# Customer Churn — Baseline Models

## Objective
Establish baseline performance using simple, interpretable models.

This notebook is part of an end-to-end customer churn classification project.
All preprocessing, modeling, and evaluation steps are designed to be:
- Leakage-safe
- Reproducible
- Interview-defensible


# Customer Churn Prediction — Baseline Models

This notebook establishes baseline machine learning models for predicting
customer churn. Logistic Regression and k-Nearest Neighbors are used to
evaluate initial performance and establish reference points for future
model improvements.


# Importing Libraries

In [None]:
import numpy as np         
import matplotlib.pyplot as plt
import pandas as pd
from sklearn.model_selection import train_test_split, GridSearchCV, RandomizedSearchCV
from sklearn.linear_model import LogisticRegression
from sklearn.neighbors import KNeighborsClassifier
from sklearn.metrics import accuracy_score, confusion_matrix, classification_report
from sklearn.pipeline import Pipeline
from sklearn.preprocessing import StandardScaler

## Reading data and Separating features X from Target Variables y

In [None]:
df = pd.read_csv("../data/churn_preprocessed.csv")

y=df['Churn']
X=df.drop(columns=['Churn'], errors='ignore')

## Train/Test Splitting

In [None]:
X_train, X_test, y_train, y_test = train_test_split(X, y, test_size=0.2, random_state=42, shuffle=True)

## Logistic Regression as a Baseline Model

Logistic Regression is commonly used as a baseline model for binary
classification problems due to its interpretability and stability.
It provides probabilistic outputs that are useful for business decision-making.


In [None]:
# Intializing model
logreg = LogisticRegression(max_iter=10000)

# Fitting the model
logreg.fit(X_train, y_train)

# Predicting the test set results
y_pred = logreg.predict(X_test)

## Evaluate Logistic Regression

In [None]:
logreg_accuracy = accuracy_score(y_test, y_pred)
logreg_cm = confusion_matrix(y_test, y_pred)
logreg_cr = classification_report(y_test, y_pred)

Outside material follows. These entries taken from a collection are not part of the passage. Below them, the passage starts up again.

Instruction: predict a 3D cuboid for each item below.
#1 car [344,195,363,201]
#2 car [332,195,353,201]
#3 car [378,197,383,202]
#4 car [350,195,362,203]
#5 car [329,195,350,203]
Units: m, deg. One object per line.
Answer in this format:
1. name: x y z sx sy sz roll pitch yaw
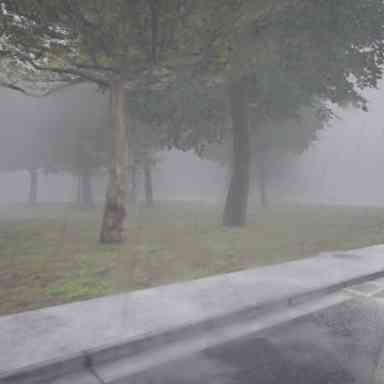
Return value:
1. car: 40.396 1.517 83.191 1.994 1.385 4.181 0 0 -12
2. car: 37.219 1.490 82.508 2.033 1.411 5.357 0 0 -12
3. car: 40.368 1.300 67.875 2.097 1.767 4.553 0 0 -12
4. car: 35.558 1.615 74.773 1.812 1.442 4.674 0 0 -12
5. car: 32.381 1.629 74.091 1.994 1.385 4.181 0 0 -12
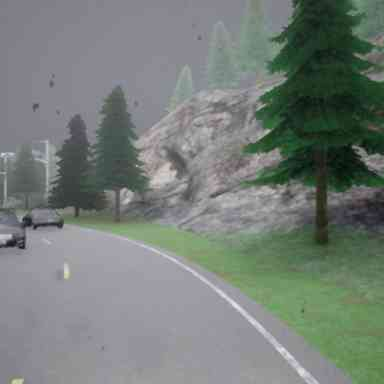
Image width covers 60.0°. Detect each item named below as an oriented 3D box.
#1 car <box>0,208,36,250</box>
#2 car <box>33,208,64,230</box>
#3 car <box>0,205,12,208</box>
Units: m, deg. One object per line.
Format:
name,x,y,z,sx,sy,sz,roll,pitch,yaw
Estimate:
car,-8.523,1.665,14.671,2.128,1.511,4.902,0,-1,-33
car,-10.559,1.833,23.474,1.994,1.385,4.181,0,-1,-37
car,-20.668,2.023,36.156,1.895,1.301,4.718,0,-1,-39
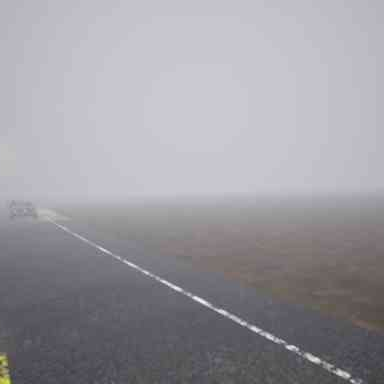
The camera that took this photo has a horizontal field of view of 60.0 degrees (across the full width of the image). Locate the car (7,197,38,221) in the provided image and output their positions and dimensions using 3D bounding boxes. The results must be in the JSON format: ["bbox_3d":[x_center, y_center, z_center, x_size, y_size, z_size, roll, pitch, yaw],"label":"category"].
[{"bbox_3d":[-13.199,1.381,25.936,2.033,1.411,5.357,-1,1,-30],"label":"car"}]
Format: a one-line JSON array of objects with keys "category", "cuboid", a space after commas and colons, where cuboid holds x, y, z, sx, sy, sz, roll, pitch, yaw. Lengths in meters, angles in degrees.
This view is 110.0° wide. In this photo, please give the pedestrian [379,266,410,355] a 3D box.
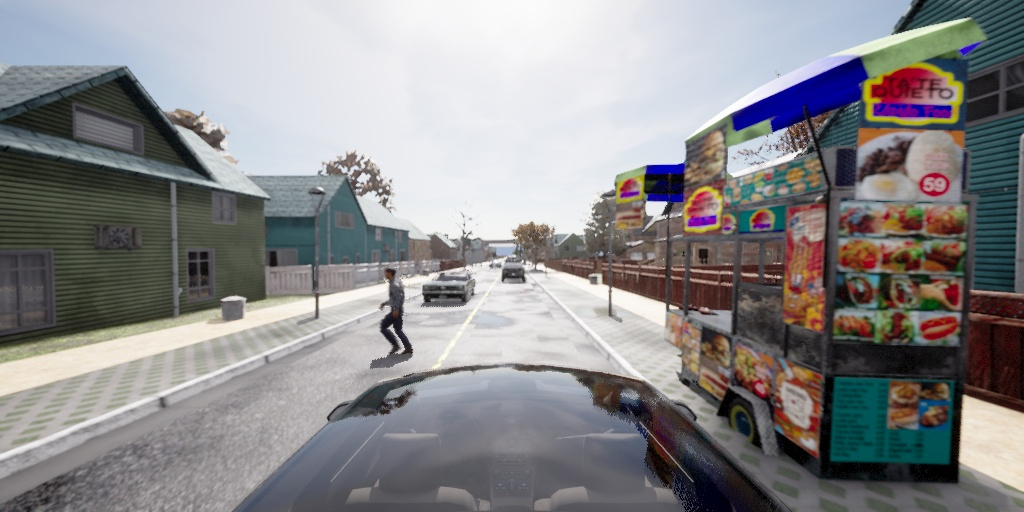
[{"category": "pedestrian", "cuboid": [-2.335, 1.056, 7.130, 0.375, 1.860, 0.375, -2, 2, -5]}]

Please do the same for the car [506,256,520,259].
[{"category": "car", "cuboid": [0.127, 1.083, 45.424, 2.150, 2.045, 5.566, 0, 0, 0]}]

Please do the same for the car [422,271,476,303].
[{"category": "car", "cuboid": [-2.838, 1.386, 17.027, 1.895, 1.301, 4.718, 0, 0, 0]}]

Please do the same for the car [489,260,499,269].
[{"category": "car", "cuboid": [-2.762, 1.395, 59.999, 2.128, 1.511, 4.902, 0, 0, 0]}]

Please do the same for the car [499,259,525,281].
[{"category": "car", "cuboid": [0.115, 1.300, 30.733, 1.882, 1.535, 5.008, 0, 0, 0]}]

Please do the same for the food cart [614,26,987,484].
[{"category": "food cart", "cuboid": [3.012, 0.222, 4.786, 2.280, 3.560, 4.660, 0, 0, 0]}]
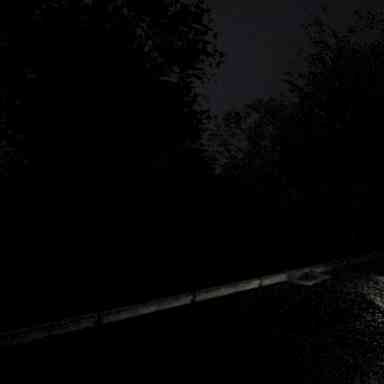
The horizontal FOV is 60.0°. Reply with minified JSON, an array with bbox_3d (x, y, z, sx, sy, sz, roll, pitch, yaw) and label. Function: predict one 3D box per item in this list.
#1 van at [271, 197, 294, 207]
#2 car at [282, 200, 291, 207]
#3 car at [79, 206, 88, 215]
[{"bbox_3d":[18.594,1.977,68.305,1.878,1.987,4.442,-1,0,-36],"label":"van"},{"bbox_3d":[16.292,1.974,66.750,2.435,2.045,5.566,-1,0,-36],"label":"car"},{"bbox_3d":[-15.245,2.334,44.038,2.163,1.488,4.792,0,0,-36],"label":"car"}]
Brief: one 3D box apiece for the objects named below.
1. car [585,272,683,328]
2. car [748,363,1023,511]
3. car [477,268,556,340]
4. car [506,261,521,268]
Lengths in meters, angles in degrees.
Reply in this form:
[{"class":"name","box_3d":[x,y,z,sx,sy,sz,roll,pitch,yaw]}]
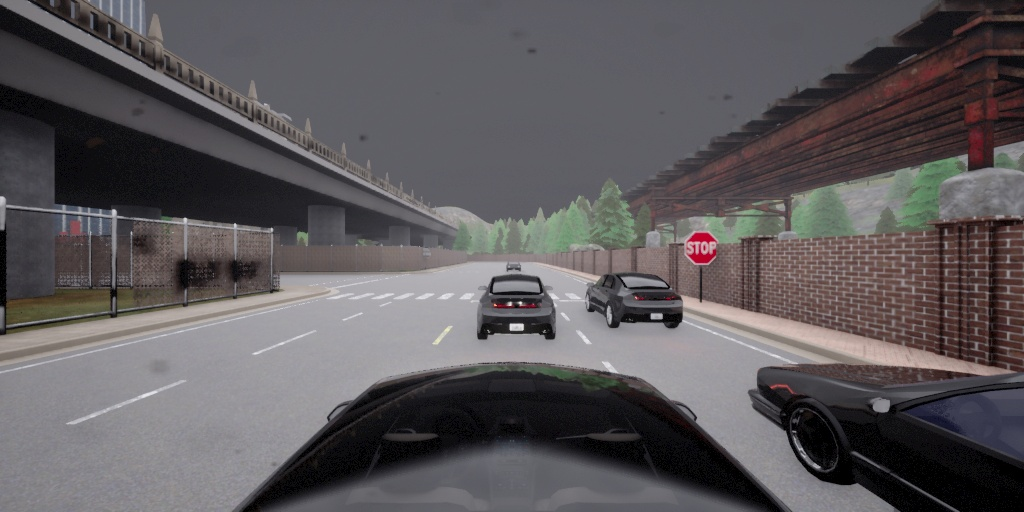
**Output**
[{"class":"car","box_3d":[3.605,1.255,11.334,1.837,1.490,4.892,0,0,0]},{"class":"car","box_3d":[3.600,1.297,1.588,2.033,1.411,5.357,0,0,0]},{"class":"car","box_3d":[0.103,1.255,9.977,1.837,1.490,4.892,0,0,0]},{"class":"car","box_3d":[0.205,1.351,46.264,1.895,1.301,4.718,0,0,-1]}]

print(f"LogisticRegression Accuracy: {logreg_accuracy}")
print(f"LogisticRegression Confusion Matrix:\n{logreg_cm}")
print(f"LogisticRegression Classification Report: \n{logreg_cr}")

## Model Evaluation

Model performance is evaluated using accuracy and class-based metrics.
In churn prediction, recall for churned customers is particularly important,
as failing to identify at-risk customers may lead to revenue loss.


### k-Nearest Neighbors (kNN)

kNN classifies a data point based on the majority class of its nearest neighbors.
It is a non-parametric, distance-based model.


In [None]:
knn = KNeighborsClassifier(n_neighbors=5)
knn.fit(X_train, y_train)
y_pred_knn = knn.predict(X_test)

## Evaluate kNN

In [None]:
knn_accuracy = accuracy_score(y_test, y_pred_knn)
knn_cm = confusion_matrix(y_test, y_pred_knn)
knn_cr = classification_report(y_test, y_pred_knn)

print(f"KNeighborsClassifier Accuracy: {knn_accuracy}")
print(f"KNeighborsClassifier Confusion Matrix:\n{knn_cm}")
print(f"KNeighborsClassifier Classification Report: \n{knn_cr}")

## Model Evaluation

Model performance is evaluated using accuracy and class-based metrics.
In churn prediction, recall for churned customers is particularly important,
as failing to identify at-risk customers may lead to revenue loss.


### Model Comparison

Both models were evaluated using accuracy and class-based metrics.
Logistic Regression provides interpretability and stable performance,
while kNN is more sensitive to feature scaling and data distribution.


### Key Observations

- Logistic Regression performed as a strong baseline for churn prediction.
- kNN performance varied depending on neighborhood size.
- Accuracy alone is insufficient for imbalanced datasets.
- Model evaluation must consider false negatives in churn prediction.